■ **TASK GOAL**: Check each line of the listing below for the string "xmlsoap", then copy every line that has it.

■ **GIVEN DATA**:
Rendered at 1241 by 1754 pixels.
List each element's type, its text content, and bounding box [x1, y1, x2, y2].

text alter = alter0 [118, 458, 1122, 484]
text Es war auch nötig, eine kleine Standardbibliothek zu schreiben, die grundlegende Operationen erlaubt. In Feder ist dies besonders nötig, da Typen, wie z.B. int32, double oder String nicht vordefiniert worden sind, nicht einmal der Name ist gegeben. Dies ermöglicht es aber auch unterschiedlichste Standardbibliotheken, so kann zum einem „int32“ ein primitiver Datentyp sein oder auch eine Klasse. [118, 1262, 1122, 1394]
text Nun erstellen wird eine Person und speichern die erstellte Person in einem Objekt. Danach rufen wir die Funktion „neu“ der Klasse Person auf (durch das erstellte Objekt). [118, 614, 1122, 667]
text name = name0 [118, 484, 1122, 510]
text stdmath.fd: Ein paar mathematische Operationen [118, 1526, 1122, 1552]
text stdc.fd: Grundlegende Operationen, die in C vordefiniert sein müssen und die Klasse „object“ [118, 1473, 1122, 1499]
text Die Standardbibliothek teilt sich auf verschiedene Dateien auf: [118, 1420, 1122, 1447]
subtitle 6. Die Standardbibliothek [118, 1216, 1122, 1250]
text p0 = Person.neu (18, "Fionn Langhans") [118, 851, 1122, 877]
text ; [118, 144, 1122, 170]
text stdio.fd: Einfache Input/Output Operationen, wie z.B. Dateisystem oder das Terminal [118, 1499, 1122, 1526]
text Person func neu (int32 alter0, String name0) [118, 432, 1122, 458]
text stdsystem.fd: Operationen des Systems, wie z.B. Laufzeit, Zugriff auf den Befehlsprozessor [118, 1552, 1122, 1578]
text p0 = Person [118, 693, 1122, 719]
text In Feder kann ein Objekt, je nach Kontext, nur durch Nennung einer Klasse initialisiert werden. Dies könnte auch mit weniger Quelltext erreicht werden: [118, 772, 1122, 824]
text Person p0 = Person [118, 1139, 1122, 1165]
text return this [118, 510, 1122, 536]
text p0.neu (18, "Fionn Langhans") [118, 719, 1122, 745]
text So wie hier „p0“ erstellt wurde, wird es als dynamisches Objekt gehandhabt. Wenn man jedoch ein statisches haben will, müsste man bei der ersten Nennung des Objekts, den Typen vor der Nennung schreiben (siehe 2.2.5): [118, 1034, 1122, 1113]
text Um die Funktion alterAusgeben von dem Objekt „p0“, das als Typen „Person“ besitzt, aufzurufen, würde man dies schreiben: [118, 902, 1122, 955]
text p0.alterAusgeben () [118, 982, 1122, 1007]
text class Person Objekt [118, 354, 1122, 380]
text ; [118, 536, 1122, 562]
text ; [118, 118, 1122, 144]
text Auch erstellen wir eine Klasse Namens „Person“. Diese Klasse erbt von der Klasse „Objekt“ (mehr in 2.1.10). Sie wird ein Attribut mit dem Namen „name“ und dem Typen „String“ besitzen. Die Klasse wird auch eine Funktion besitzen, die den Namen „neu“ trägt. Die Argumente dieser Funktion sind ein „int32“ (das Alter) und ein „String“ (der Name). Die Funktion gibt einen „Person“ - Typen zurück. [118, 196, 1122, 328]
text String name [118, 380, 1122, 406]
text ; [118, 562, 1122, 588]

==

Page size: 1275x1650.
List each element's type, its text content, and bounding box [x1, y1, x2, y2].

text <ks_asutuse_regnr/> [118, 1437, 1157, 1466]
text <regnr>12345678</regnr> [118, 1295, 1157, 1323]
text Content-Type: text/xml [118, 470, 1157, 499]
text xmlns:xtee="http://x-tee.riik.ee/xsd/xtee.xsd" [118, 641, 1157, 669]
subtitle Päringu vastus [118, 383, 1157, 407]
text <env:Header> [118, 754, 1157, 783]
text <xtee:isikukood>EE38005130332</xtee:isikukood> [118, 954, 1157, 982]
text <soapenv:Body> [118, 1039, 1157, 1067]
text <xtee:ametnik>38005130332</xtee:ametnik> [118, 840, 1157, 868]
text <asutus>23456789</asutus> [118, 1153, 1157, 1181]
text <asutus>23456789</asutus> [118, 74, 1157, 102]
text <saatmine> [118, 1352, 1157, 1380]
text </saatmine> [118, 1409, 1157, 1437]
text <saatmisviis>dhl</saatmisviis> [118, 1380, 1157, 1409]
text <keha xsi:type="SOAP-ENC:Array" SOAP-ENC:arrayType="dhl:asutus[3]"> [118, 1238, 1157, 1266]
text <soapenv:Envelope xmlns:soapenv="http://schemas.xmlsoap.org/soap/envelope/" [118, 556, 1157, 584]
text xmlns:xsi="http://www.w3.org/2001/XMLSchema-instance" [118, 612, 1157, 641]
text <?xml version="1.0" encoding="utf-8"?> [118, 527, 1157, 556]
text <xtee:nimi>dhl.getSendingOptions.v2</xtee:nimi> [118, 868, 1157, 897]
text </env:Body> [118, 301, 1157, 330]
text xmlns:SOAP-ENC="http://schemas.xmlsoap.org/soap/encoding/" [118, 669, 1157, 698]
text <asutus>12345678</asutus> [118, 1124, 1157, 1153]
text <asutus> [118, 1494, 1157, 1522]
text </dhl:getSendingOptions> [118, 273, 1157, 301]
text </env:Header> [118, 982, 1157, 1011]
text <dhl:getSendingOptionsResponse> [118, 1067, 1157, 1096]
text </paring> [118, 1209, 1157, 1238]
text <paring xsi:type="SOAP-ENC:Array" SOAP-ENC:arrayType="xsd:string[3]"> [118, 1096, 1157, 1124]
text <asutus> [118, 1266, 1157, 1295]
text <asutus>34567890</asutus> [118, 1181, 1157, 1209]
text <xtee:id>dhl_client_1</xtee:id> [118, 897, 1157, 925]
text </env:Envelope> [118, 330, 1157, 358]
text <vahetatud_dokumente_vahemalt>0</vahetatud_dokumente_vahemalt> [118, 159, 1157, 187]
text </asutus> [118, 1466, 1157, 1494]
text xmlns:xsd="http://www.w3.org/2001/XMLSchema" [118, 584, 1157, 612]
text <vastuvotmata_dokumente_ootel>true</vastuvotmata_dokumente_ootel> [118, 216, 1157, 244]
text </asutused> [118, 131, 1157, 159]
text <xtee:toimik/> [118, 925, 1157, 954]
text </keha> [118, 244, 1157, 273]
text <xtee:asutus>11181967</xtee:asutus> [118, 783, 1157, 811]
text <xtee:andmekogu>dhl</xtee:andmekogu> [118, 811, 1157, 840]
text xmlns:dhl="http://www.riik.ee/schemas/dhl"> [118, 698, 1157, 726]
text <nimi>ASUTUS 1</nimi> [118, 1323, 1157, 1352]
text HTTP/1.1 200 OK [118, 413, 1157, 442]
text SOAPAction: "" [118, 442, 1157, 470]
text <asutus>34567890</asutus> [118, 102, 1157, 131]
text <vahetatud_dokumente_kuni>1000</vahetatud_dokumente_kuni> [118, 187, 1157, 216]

■ **RESPONSE**:
text <soapenv:Envelope xmlns:soapenv="http://schemas.xmlsoap.org/soap/envelope/" [118, 556, 1157, 584]
text xmlns:SOAP-ENC="http://schemas.xmlsoap.org/soap/encoding/" [118, 669, 1157, 698]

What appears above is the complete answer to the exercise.